British Army officer and landowner (1791–1862)

Major-General Norcliffe Norcliffe, KH (born Norcliffe Dalton; 24 September 1791 – 8 February 1862) was a British Army officer and landowner. Having joined the 4th Dragoons in 1807, he fought with them in the Peninsular War, and survived a serious head wound at the Battle of Salamanca in 1812. After the war Norcliffe continued to serve in the British army, transferring to the 17th Lancers and then the 18th Hussars before going on half-pay as a major. He continued to purchase promotions and became a major general in 1855. Norcliffe inherited the Langton Hall estate in Yorkshire from his mother in 1835 but chose to live mostly in London, dying there at the age of 70 in 1862.

==Early life==

Norcliffe Norcliffe was born Norcliffe Dalton on 24 September 1791, the eldest son of Lieutenant-Colonel Thomas Dalton and Anne ( Wilson). Norcliffe had six younger siblings, two brothers and four sisters. His two brothers died at an early age. Norcliffe was commissioned into the British Army on 5 February 1807 at the age of 16, serving as a cornet in the 4th Dragoons. In August 1807, Norcliffe's father changed his surname from Dalton to Norcliffe upon inheriting the Langton Hall estate in Yorkshire from his maternal uncle. Norcliffe was then promoted to lieutenant on 30 April 1808, and from April 1809 served with his regiment in the Peninsular War.

==Peninsular War==

Norcliffe fought at the Battle of Talavera on 27 July 1809, and then the Battle of Busaco on 27 September 1810, the Battle of Albuera on 16 May 1811, and the Battle of Usagre on 25 May the same year. He was severely wounded in the head at the Battle of Salamanca on 22 July 1812. With the French infantry having been broken, Norcliffe was part of the cavalry charging after them. He became separated from his regiment along with a few members of the 5th Dragoon Guards, and was surrounded by French infantry. As he attempted to fight through this force his horse was shot in the ear and turned around, in which moment Norcliffe was shot in the head. He lost his balance and fell from the horse.

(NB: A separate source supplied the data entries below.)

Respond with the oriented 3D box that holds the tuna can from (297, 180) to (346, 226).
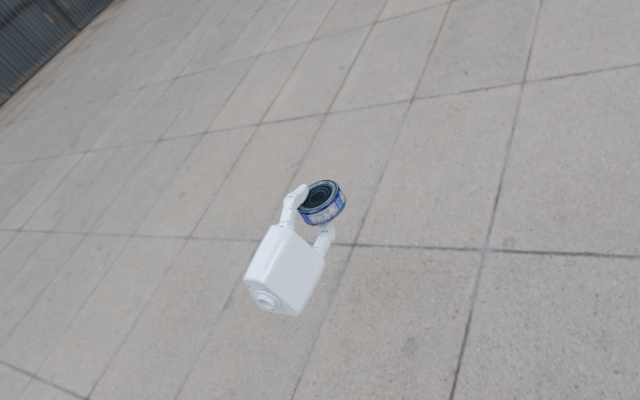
[{"bbox_3d":[0.000,0.002,0.844,0.086,0.034,0.086,-21,35,16],"label":"tuna can"}]
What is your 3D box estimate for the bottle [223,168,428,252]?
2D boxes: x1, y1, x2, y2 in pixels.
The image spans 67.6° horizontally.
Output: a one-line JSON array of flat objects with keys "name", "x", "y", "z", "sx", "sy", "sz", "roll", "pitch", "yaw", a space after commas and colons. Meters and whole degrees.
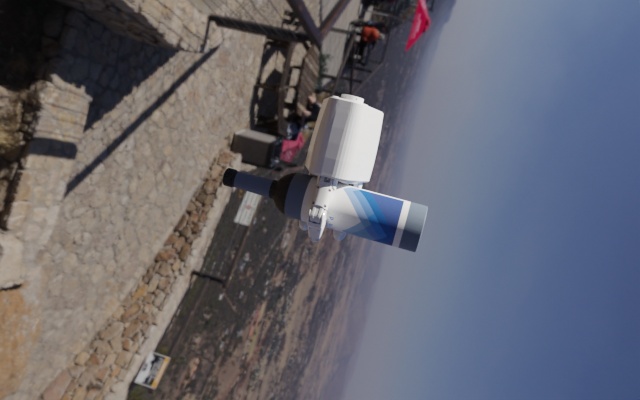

Norcliffe lay on the ground, unable to move, and was found by several French infantrymen who took him prisoner and provided some medical care. The British then continued their advance and pushed the French away from Norcliffe. With his wound possibly mortal, he was brought in for treatment by a surgeon. He was nursed back to health by his cousin Susanna Dalbiac, who was the wife of Norcliffe's commanding officer, Colonel James Charles Dalbiac. (Note: The 4th Dragoons were a popular regiment for Norcliffe's family, with several of his cousins serving in the regiment during the Napoleonic Wars.) While in hospital on 10 August Norcliffe wrote a letter to his father describing the battle, saying:
It was a fine sight to see the [French] running, and as we held our swords over their heads fall down on their knees, drop their muskets, and cry: Prisonnier, monsieur.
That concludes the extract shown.